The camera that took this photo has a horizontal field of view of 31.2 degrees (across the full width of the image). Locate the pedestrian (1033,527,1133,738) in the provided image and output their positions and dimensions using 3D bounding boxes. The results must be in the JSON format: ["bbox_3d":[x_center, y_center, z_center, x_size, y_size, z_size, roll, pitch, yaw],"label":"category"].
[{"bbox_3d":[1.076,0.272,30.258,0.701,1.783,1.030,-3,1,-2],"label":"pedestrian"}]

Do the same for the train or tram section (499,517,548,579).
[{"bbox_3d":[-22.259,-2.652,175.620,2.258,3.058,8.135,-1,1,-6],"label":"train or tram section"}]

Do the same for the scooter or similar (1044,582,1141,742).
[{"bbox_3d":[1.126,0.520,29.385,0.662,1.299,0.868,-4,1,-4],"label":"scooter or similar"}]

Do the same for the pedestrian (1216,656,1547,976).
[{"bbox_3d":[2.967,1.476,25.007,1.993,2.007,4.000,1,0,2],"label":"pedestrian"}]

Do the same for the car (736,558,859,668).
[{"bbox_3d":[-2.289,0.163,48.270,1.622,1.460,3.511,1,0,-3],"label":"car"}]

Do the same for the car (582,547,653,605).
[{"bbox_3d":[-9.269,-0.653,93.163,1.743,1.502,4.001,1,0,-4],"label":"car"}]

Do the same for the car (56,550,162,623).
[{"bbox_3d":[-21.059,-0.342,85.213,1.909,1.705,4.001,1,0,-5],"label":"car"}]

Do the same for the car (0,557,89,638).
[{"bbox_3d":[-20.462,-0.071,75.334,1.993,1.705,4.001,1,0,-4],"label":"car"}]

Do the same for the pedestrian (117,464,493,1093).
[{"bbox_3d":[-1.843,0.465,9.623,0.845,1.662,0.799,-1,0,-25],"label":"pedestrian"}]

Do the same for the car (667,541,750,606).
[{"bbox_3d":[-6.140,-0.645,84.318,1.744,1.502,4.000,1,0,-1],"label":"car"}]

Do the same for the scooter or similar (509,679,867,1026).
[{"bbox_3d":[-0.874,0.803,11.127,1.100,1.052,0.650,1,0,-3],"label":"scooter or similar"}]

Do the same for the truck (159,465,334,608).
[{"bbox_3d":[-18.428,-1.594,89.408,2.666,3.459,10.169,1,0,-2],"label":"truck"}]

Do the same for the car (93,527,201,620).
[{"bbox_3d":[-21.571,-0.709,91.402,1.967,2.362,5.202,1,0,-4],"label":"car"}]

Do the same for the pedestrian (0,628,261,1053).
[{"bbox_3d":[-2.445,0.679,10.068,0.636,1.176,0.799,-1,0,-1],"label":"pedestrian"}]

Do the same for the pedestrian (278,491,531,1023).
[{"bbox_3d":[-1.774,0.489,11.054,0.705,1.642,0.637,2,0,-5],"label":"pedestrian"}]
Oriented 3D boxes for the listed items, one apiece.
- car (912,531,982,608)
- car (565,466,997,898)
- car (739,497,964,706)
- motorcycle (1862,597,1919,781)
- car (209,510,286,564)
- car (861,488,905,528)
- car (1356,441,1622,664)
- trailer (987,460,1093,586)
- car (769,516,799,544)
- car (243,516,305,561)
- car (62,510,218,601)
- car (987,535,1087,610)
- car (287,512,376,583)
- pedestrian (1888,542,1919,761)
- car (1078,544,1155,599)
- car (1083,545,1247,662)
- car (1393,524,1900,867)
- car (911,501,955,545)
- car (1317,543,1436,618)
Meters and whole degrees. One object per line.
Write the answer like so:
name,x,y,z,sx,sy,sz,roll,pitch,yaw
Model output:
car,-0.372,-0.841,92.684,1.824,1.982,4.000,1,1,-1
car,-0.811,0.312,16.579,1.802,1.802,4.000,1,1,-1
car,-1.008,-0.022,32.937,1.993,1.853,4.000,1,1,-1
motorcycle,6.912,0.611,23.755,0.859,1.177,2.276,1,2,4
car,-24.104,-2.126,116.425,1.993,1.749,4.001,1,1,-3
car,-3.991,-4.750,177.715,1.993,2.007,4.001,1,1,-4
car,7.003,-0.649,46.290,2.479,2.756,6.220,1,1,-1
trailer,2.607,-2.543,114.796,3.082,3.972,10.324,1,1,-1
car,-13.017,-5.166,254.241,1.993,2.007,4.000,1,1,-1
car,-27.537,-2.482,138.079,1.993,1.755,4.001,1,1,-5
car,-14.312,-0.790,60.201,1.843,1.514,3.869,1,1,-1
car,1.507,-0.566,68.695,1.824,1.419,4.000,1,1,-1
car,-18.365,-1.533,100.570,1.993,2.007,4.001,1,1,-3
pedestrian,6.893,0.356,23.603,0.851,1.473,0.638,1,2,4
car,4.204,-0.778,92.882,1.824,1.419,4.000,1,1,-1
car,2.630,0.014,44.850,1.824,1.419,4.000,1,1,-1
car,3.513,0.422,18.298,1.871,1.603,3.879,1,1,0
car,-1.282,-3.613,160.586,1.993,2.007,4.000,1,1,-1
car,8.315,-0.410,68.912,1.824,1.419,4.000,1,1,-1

▬▬▬

> **What you should do**
Write the material out again in full, leaving no line out.

> **Output for this exercise**
The camera that took this photo has a horizontal field of view of 31.2 degrees (across the full width of the image). Locate the pedestrian (1033,527,1133,738) in the provided image and output their positions and dimensions using 3D bounding boxes. The results must be in the JSON format: ["bbox_3d":[x_center, y_center, z_center, x_size, y_size, z_size, roll, pitch, yaw],"label":"category"].
[{"bbox_3d":[1.076,0.272,30.258,0.701,1.783,1.030,-3,1,-2],"label":"pedestrian"}]

Do the same for the train or tram section (499,517,548,579).
[{"bbox_3d":[-22.259,-2.652,175.620,2.258,3.058,8.135,-1,1,-6],"label":"train or tram section"}]

Do the same for the scooter or similar (1044,582,1141,742).
[{"bbox_3d":[1.126,0.520,29.385,0.662,1.299,0.868,-4,1,-4],"label":"scooter or similar"}]

Do the same for the pedestrian (1216,656,1547,976).
[{"bbox_3d":[2.967,1.476,25.007,1.993,2.007,4.000,1,0,2],"label":"pedestrian"}]

Do the same for the car (736,558,859,668).
[{"bbox_3d":[-2.289,0.163,48.270,1.622,1.460,3.511,1,0,-3],"label":"car"}]

Do the same for the car (582,547,653,605).
[{"bbox_3d":[-9.269,-0.653,93.163,1.743,1.502,4.001,1,0,-4],"label":"car"}]

Do the same for the car (56,550,162,623).
[{"bbox_3d":[-21.059,-0.342,85.213,1.909,1.705,4.001,1,0,-5],"label":"car"}]

Do the same for the car (0,557,89,638).
[{"bbox_3d":[-20.462,-0.071,75.334,1.993,1.705,4.001,1,0,-4],"label":"car"}]

Do the same for the pedestrian (117,464,493,1093).
[{"bbox_3d":[-1.843,0.465,9.623,0.845,1.662,0.799,-1,0,-25],"label":"pedestrian"}]

Do the same for the car (667,541,750,606).
[{"bbox_3d":[-6.140,-0.645,84.318,1.744,1.502,4.000,1,0,-1],"label":"car"}]

Do the same for the scooter or similar (509,679,867,1026).
[{"bbox_3d":[-0.874,0.803,11.127,1.100,1.052,0.650,1,0,-3],"label":"scooter or similar"}]

Do the same for the truck (159,465,334,608).
[{"bbox_3d":[-18.428,-1.594,89.408,2.666,3.459,10.169,1,0,-2],"label":"truck"}]

Do the same for the car (93,527,201,620).
[{"bbox_3d":[-21.571,-0.709,91.402,1.967,2.362,5.202,1,0,-4],"label":"car"}]

Do the same for the pedestrian (0,628,261,1053).
[{"bbox_3d":[-2.445,0.679,10.068,0.636,1.176,0.799,-1,0,-1],"label":"pedestrian"}]

Do the same for the pedestrian (278,491,531,1023).
[{"bbox_3d":[-1.774,0.489,11.054,0.705,1.642,0.637,2,0,-5],"label":"pedestrian"}]
Oriented 3D boxes for the listed items, one apiece.
- car (912,531,982,608)
- car (565,466,997,898)
- car (739,497,964,706)
- motorcycle (1862,597,1919,781)
- car (209,510,286,564)
- car (861,488,905,528)
- car (1356,441,1622,664)
- trailer (987,460,1093,586)
- car (769,516,799,544)
- car (243,516,305,561)
- car (62,510,218,601)
- car (987,535,1087,610)
- car (287,512,376,583)
- pedestrian (1888,542,1919,761)
- car (1078,544,1155,599)
- car (1083,545,1247,662)
- car (1393,524,1900,867)
- car (911,501,955,545)
- car (1317,543,1436,618)
Meters and whole degrees. One object per line.
Write the answer like so:
name,x,y,z,sx,sy,sz,roll,pitch,yaw
Model output:
car,-0.372,-0.841,92.684,1.824,1.982,4.000,1,1,-1
car,-0.811,0.312,16.579,1.802,1.802,4.000,1,1,-1
car,-1.008,-0.022,32.937,1.993,1.853,4.000,1,1,-1
motorcycle,6.912,0.611,23.755,0.859,1.177,2.276,1,2,4
car,-24.104,-2.126,116.425,1.993,1.749,4.001,1,1,-3
car,-3.991,-4.750,177.715,1.993,2.007,4.001,1,1,-4
car,7.003,-0.649,46.290,2.479,2.756,6.220,1,1,-1
trailer,2.607,-2.543,114.796,3.082,3.972,10.324,1,1,-1
car,-13.017,-5.166,254.241,1.993,2.007,4.000,1,1,-1
car,-27.537,-2.482,138.079,1.993,1.755,4.001,1,1,-5
car,-14.312,-0.790,60.201,1.843,1.514,3.869,1,1,-1
car,1.507,-0.566,68.695,1.824,1.419,4.000,1,1,-1
car,-18.365,-1.533,100.570,1.993,2.007,4.001,1,1,-3
pedestrian,6.893,0.356,23.603,0.851,1.473,0.638,1,2,4
car,4.204,-0.778,92.882,1.824,1.419,4.000,1,1,-1
car,2.630,0.014,44.850,1.824,1.419,4.000,1,1,-1
car,3.513,0.422,18.298,1.871,1.603,3.879,1,1,0
car,-1.282,-3.613,160.586,1.993,2.007,4.000,1,1,-1
car,8.315,-0.410,68.912,1.824,1.419,4.000,1,1,-1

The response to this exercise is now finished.